By Lilian Chudey Pride
Africa is very beautiful, welcoming and accommodating. She is well groomed, rich, kind and lovely. She has a very good heart, her intelligence and hospitality are captivating, her splendour is highly inviting. She has so much to give out to her neighbours and people that come around. Her might is indescribably unmatched. The more she gives, the more she is replenished. Her wealth is inexhaustible. Her human resource is enviable.
She is the mother of fifty-one countries spread across her continent. With rich natural and human resource deposition. In her simplicity, she transferred her enviable characteristics to all her children home and abroad. She taught them to be homely and contented.
Sometime ago, her motherly nature which she was made with, was abused and taken for granted by an invaded enemy with guns and weapons of mass destruction, materials she seldom used, because her love and openness did not need those. So, her integrity was trampled upon, her strength, tried, stretched and taken for weakness. Her pride was rubbished and messed up with. Her name which meant so much to her was dragged to the mud.
All her calamity started at the time she was young and undented, naive and warm, when she was still trying to figure out how she could navigate life and harness all her God deposited in her bowel. It was in this state she was seized into slavery, misused, manhandled, mistreated, and the virginity of her loved young ones were forcefully taken, mother and child were raped repeatedly, without scruples.
SHE LOST HER VOICE: This was a nightmare that left her speechless, wondering how it all began. It did not matter what she said, no one would listen or help, because she was surrounded by her captors. Her humiliation advanced, she was called an animal, yet, treated worse than that. Her mouth was bridled so she could not cry or eat from her hard labour which she did under the scorching sun. she was beating countless times and her tears were taken from her. This was man’s inhumanity to man.
HER COLOUR: Her skin colour was a pain and a thing of great disgust to her enemy. But it was not all about her skin colour but also about the strength, elasticity and durability of both her skin and her person. Her enemy did her so much evil to rip her off her skin and her integrity. Her enemy needed her strength and vigour to prosper, but called her a monkey, a strategy he used to tannish her self-worth. Her enemy harassed her sexually over and over again, placed her in the zoo to make fun of her as well as make money off her. But she remained strong to the awe and amazement of her captor.
MORE LIKE AN ANIMAL THAN MAN: Amidst her dilemma, she realised in no time that her captor was more of an animal than man. A man who could have sexual intercourse with an animal, as he called her, tearing her apart as he did to satisfy his sexual gratification, must be a worse animal, a beast or is sick and needed a higher doctor to cure his malady.

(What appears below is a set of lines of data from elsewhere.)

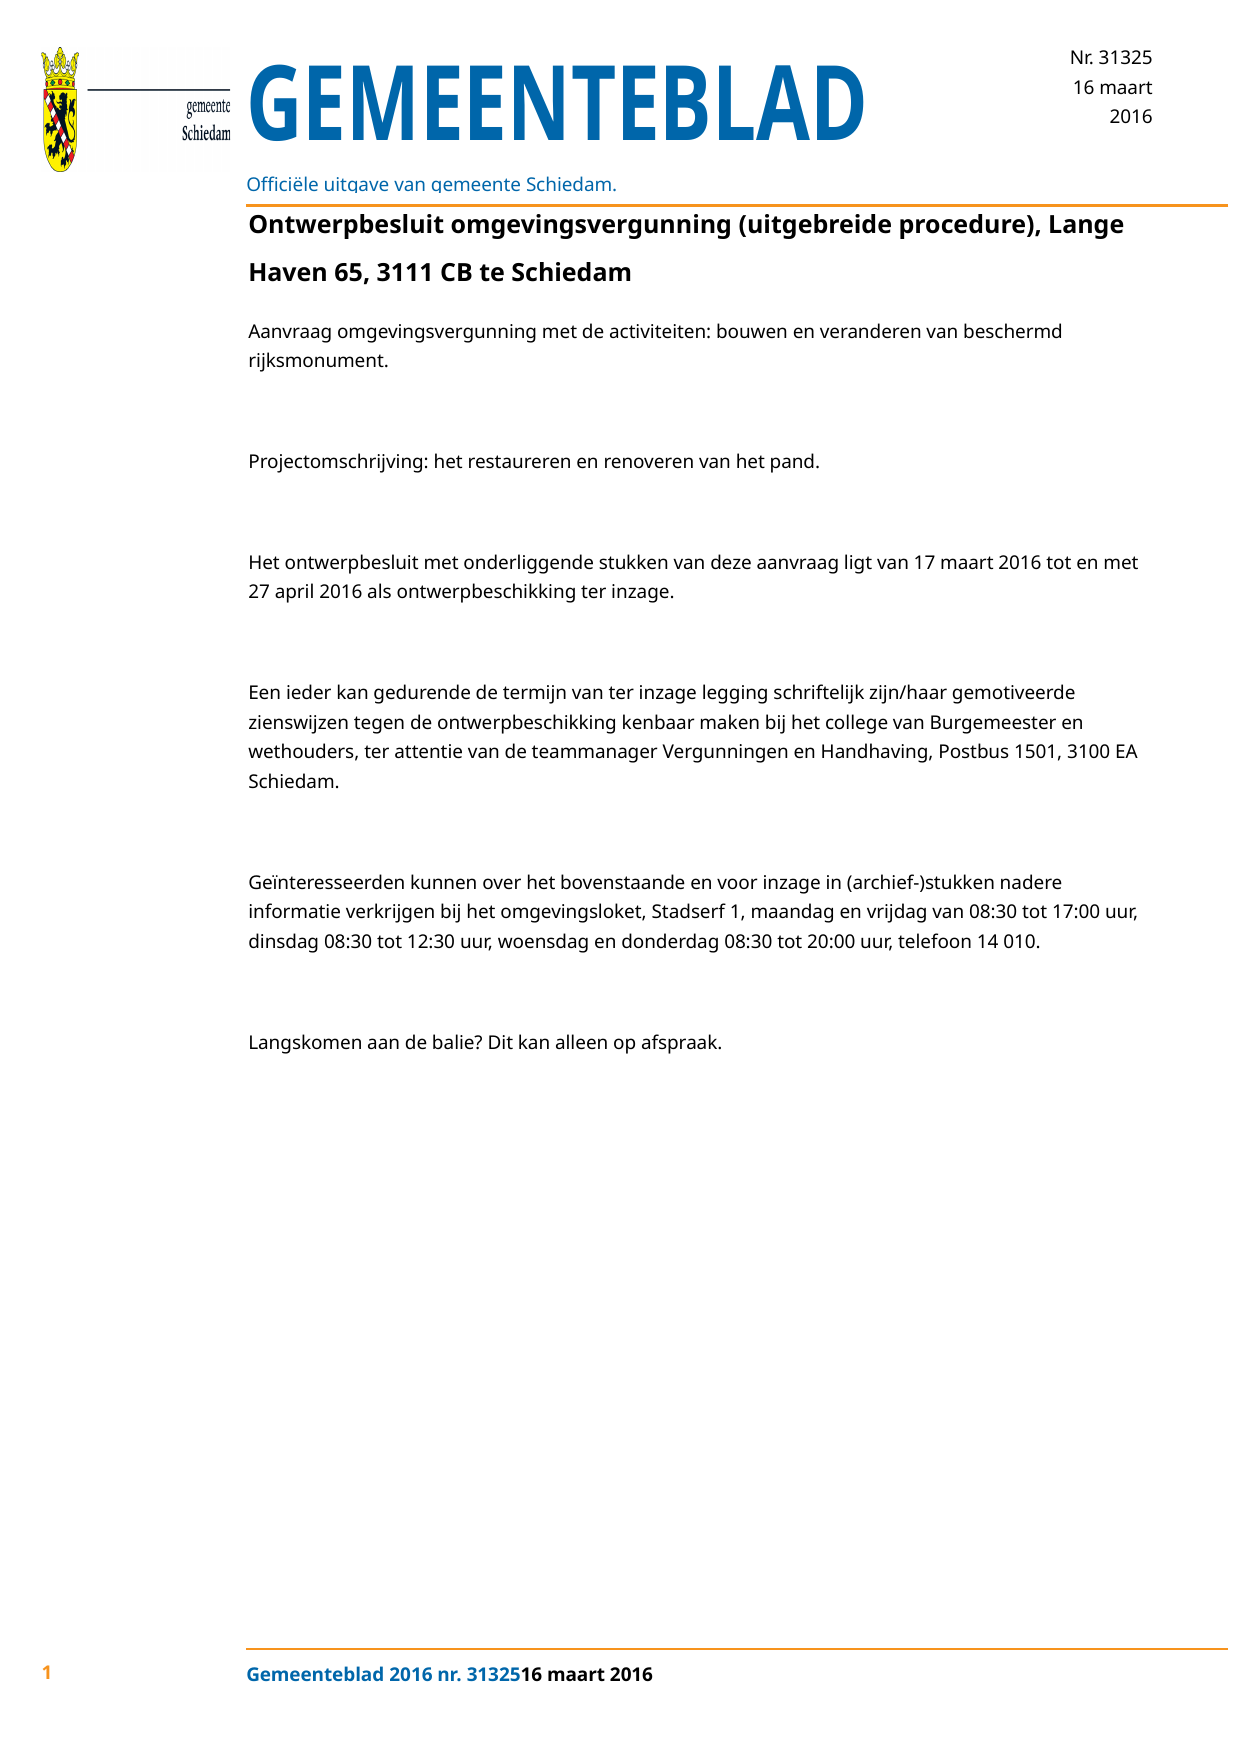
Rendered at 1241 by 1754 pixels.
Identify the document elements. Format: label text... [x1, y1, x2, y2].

text Ontwerpbesluit omgevingsvergunning (uitgebreide procedure), Lange Haven 65, 3111 CB te Schiedam [248, 207, 1152, 288]
text Projectomschrijving: het restaureren en renoveren van het pand. [248, 448, 1152, 474]
text Langskomen aan de balie? Dit kan alleen op afspraak. [248, 1029, 1152, 1055]
text Een ieder kan gedurende de termijn van ter inzage legging schriftelijk zijn/haar gemotiveerde zienswijzen tegen de ontwerpbeschikking kenbaar maken bij het college van Burgemeester en wethouders, ter attentie van de teammanager Vergunningen en Handhaving, Postbus 1501, 3100 EA Schiedam. [248, 679, 1152, 794]
text Het ontwerpbesluit met onderliggende stukken van deze aanvraag ligt van 17 maart 2016 tot en met 27 april 2016 als ontwerpbeschikking ter inzage. [248, 549, 1152, 604]
text Geïnteresseerden kunnen over het bovenstaande en voor inzage in (archief-)stukken nadere informatie verkrijgen bij het omgevingsloket, Stadserf 1, maandag en vrijdag van 08:30 tot 17:00 uur, dinsdag 08:30 tot 12:30 uur, woensdag en donderdag 08:30 tot 20:00 uur, telefoon 14 010. [248, 869, 1152, 954]
picture [41, 47, 231, 172]
text Aanvraag omgevingsvergunning met de activiteiten: bouwen en veranderen van beschermd rijksmonument. [248, 318, 1152, 373]
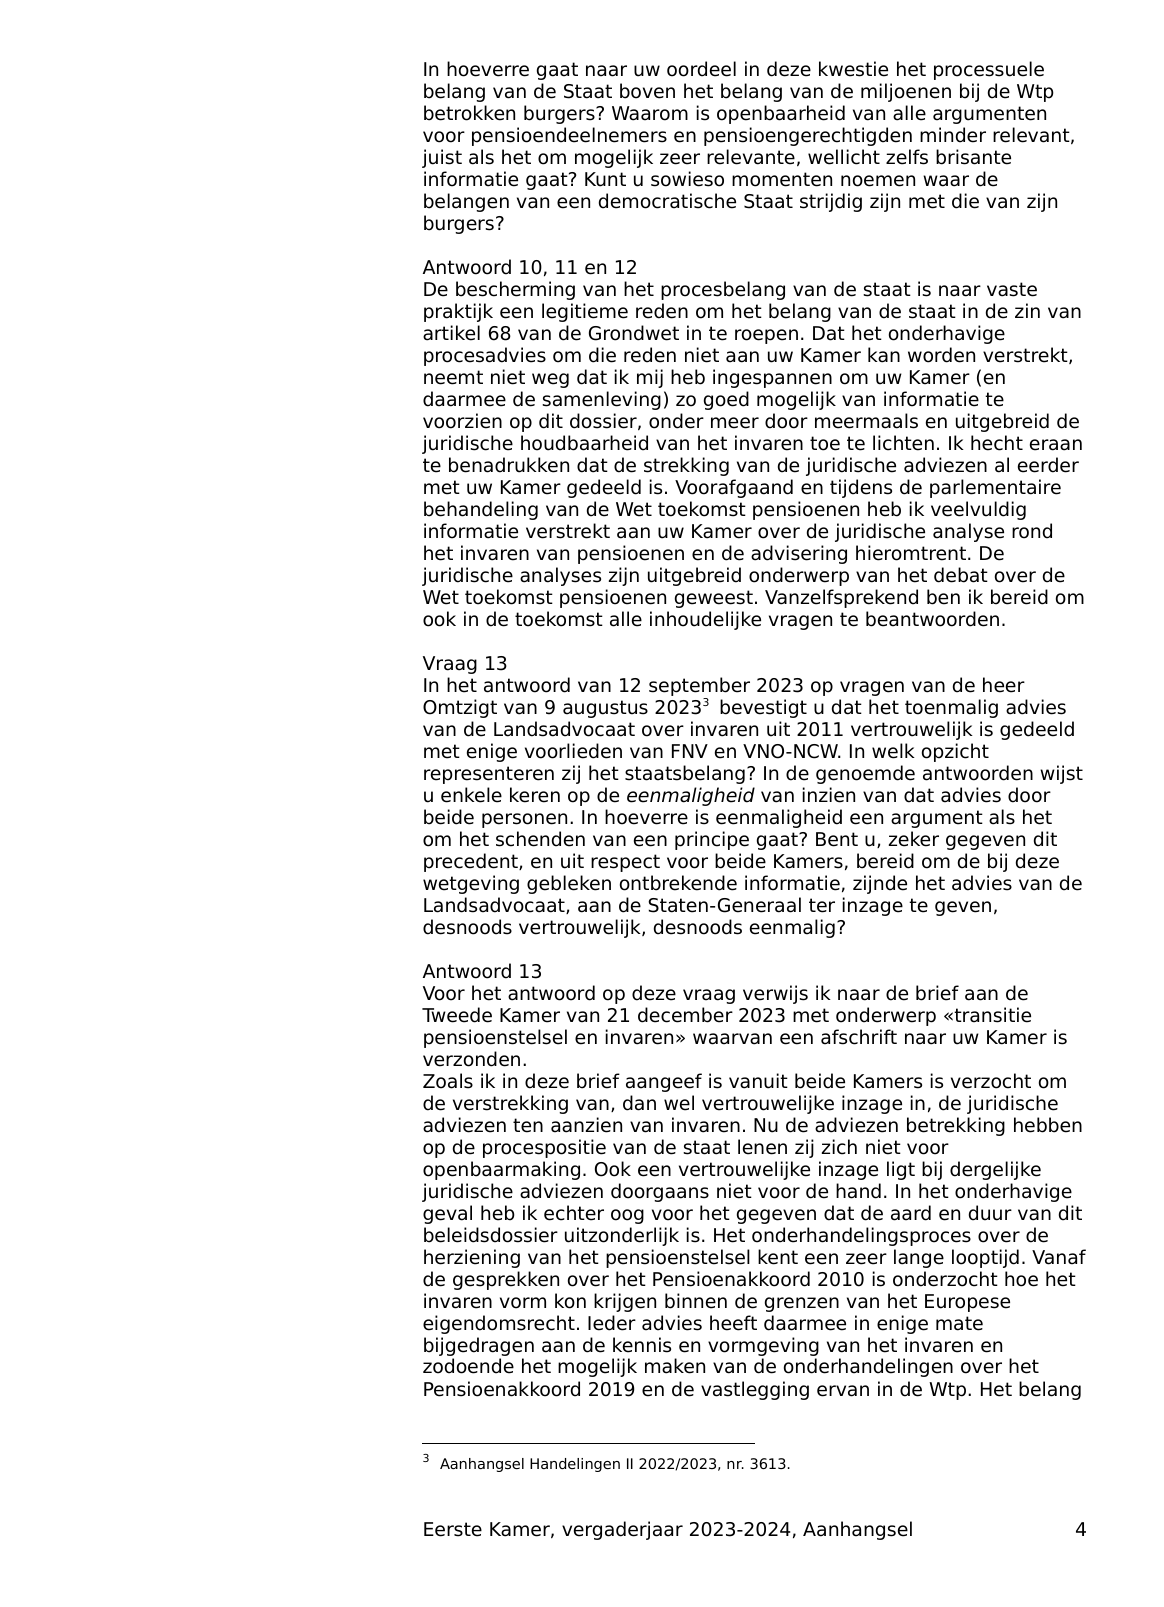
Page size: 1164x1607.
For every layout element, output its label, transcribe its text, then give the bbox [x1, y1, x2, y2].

HER STRENGTH AND HER LABOUR UNDER THE SCORCHING SUN: Africa’s labour and strength built the world, under chains and caprices, she constructed bridges, made bricks for fences, hewn down stones and built monuments on her captor’s waste and desolate lands. Planted, cultivated and watered crops for food, for the household of her captor, while her mouth was under lock and key.
HER LOSSES SHE COUNTED AS GAIN: In her anguish, and awful dismay, her enemy forced, commanded and instructed her to make children for him. Though out of her own freewill, she made children for her enemy. She was warned never to come close to the children or lay any claim to them. She was forbidden to speak of it. But she knew that those were hers.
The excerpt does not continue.